A micro alternative to animal testing

Researchers at the College of Engineering are developing a microchip that grows animal cells.

Now in the fifth year of her bioengineering degree, graduate student Elizabeth Curran began her work on the biochip program as a lab assistant. Now she works with Kiani and other students in the lab working with and manipulating live cells. | MEAGHAN POGUE TTN
Now in the fifth year of her bioengineering degree, graduate student Elizabeth Curran began her work on the biochip program as a lab assistant. Now she works with Kiani and other students in the lab working with and manipulating live cells. | MEAGHAN POGUE TTN

Researchers from the College of Engineering are working in conjunction with an Alabama research corporation to recreate living tissue on a microchip in an effort to reduce the use of animals and humans in medical testing. 

Professor and chair of the mechanical engineering department Mohammad Kiani has been working closely with the medical school, Shriner’s Hospital for Children and CFT Research Corporation in Alabama.

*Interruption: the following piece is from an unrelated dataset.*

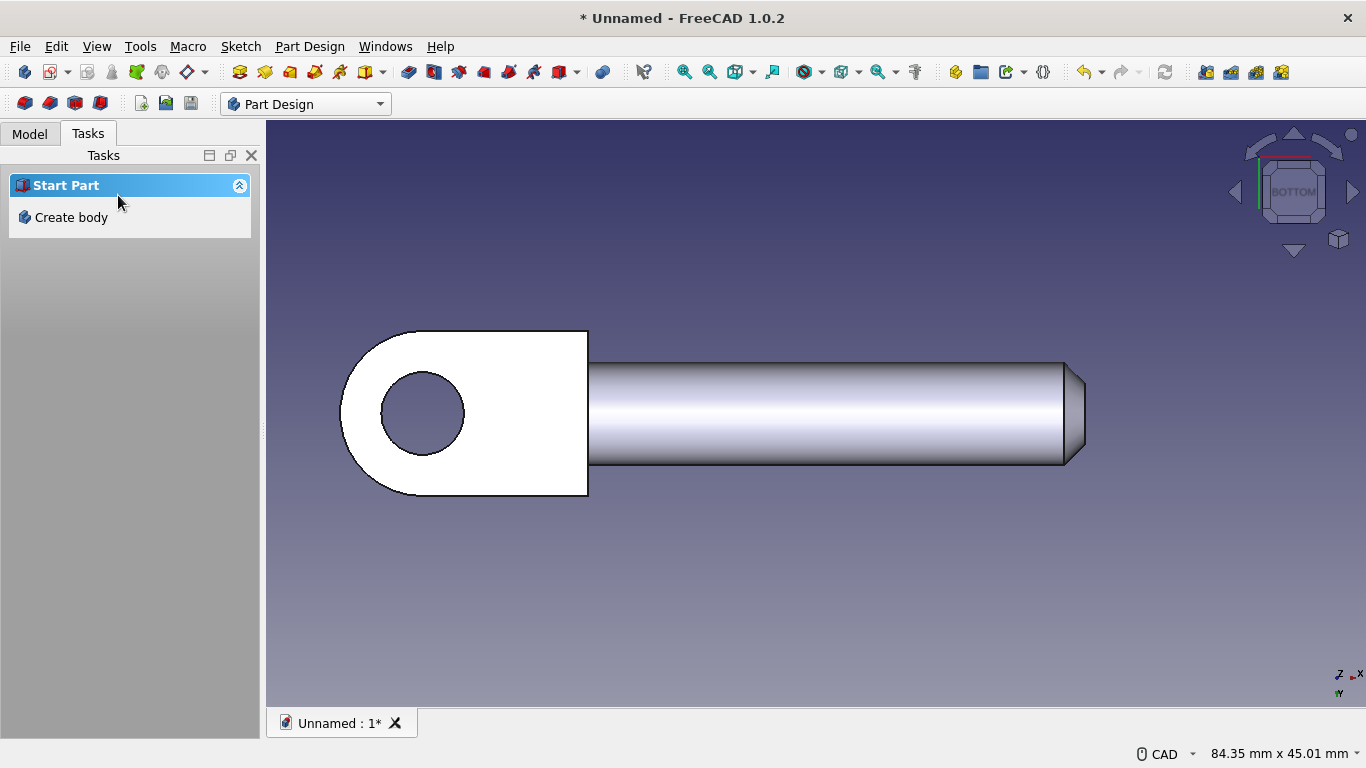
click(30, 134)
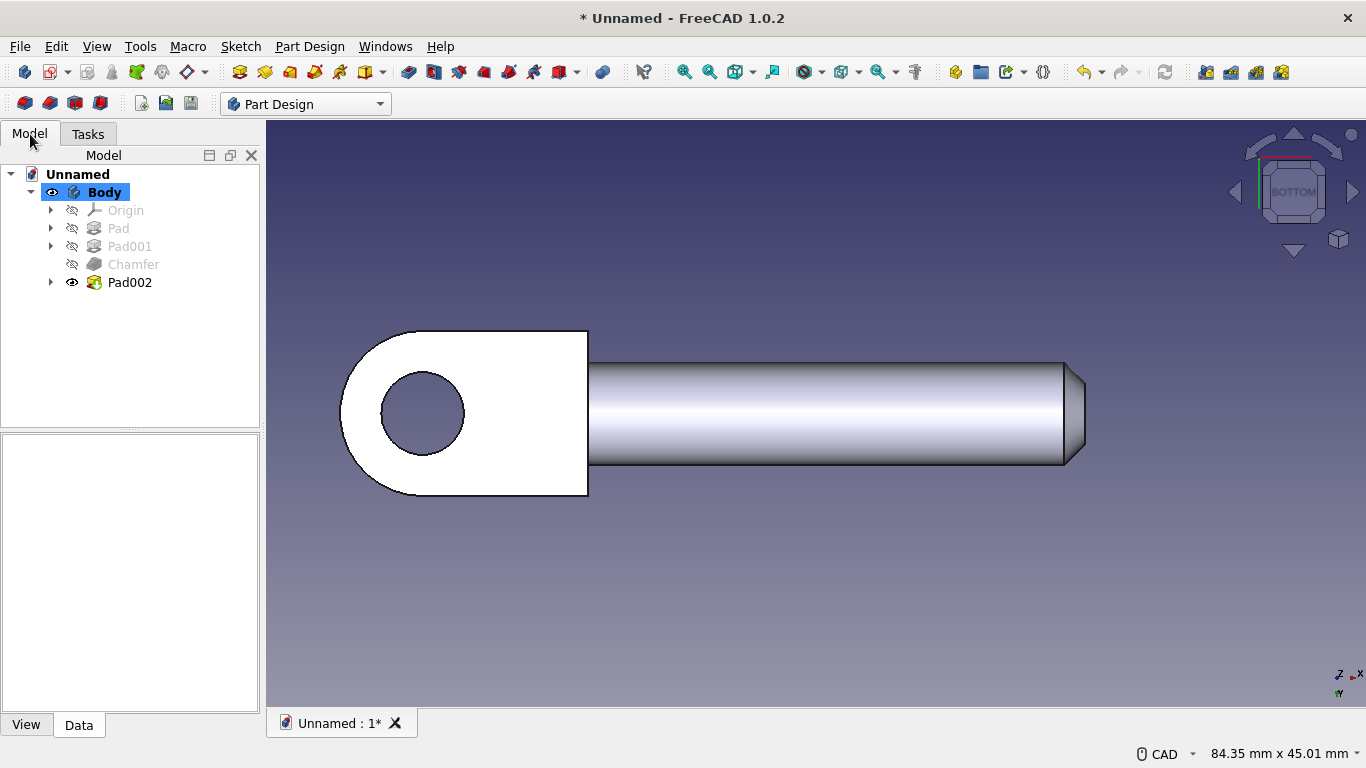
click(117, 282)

The project began when Kiani’s former student who works for the CFT Research Corporation, Dr. Balabashkar Prabhakarpandian, suggested trying to reproduce microvascular networks on a microchip that can be used as a substitute for animal tissue in scientific tests.

Kiani said the team has developed a technology allowing them to map microvascular networks from humans and animals as well as reproduce and capture images of those networks.

They can grow the same type of cells that exist in an animal, as well as different types of cells, like cardiac or neural cells.  The chips would then be compared to existing animal models to validate their accuracy.

“You could do all sorts of tests with these kinds of systems,” Kiani said.

Advantages of recreating these networks include reducing the need for animal and human experimentation, as well as cost.

“It could also be cheaper and more reproducible because when you try something on an animal or a human, the next one is not going to be the same, there is a lot of variability in a living species,” Kiani said.

The chip contains small vessels that cannot be seen without a microscope, as well as a frosty area containing the actual tissue.

Now, the team is working on recreating a pediatric brain on the chip, replicating a blood-brain barrier. Kiani called the brain “a privileged organ,” and said many harmful materials cannot pass through the blood-brain barrier.  However, the blood-brain barrier can also prevent needed drugs from reaching the brain due to tight junctions.

In newborns, this barrier is not as strong or well protected, which leads to congenital diseases in newborns.  Scientists can use the pediatric brain on the chip as a model for studying diseases, and have the ability to adjust heights and openings of channels to look at different conditions in newborns.

The long-term goal of this endeavor, Kiani said, is to use the chips for initial experimentation instead of using animals or humans, before testing drugs on actual humans.

Despite the chips reducing cost and ethical concerns, they likely will not replace animal and human testing entirely.

“No matter how well you can reduce the environment, it’s still not an animal,” Kiani said.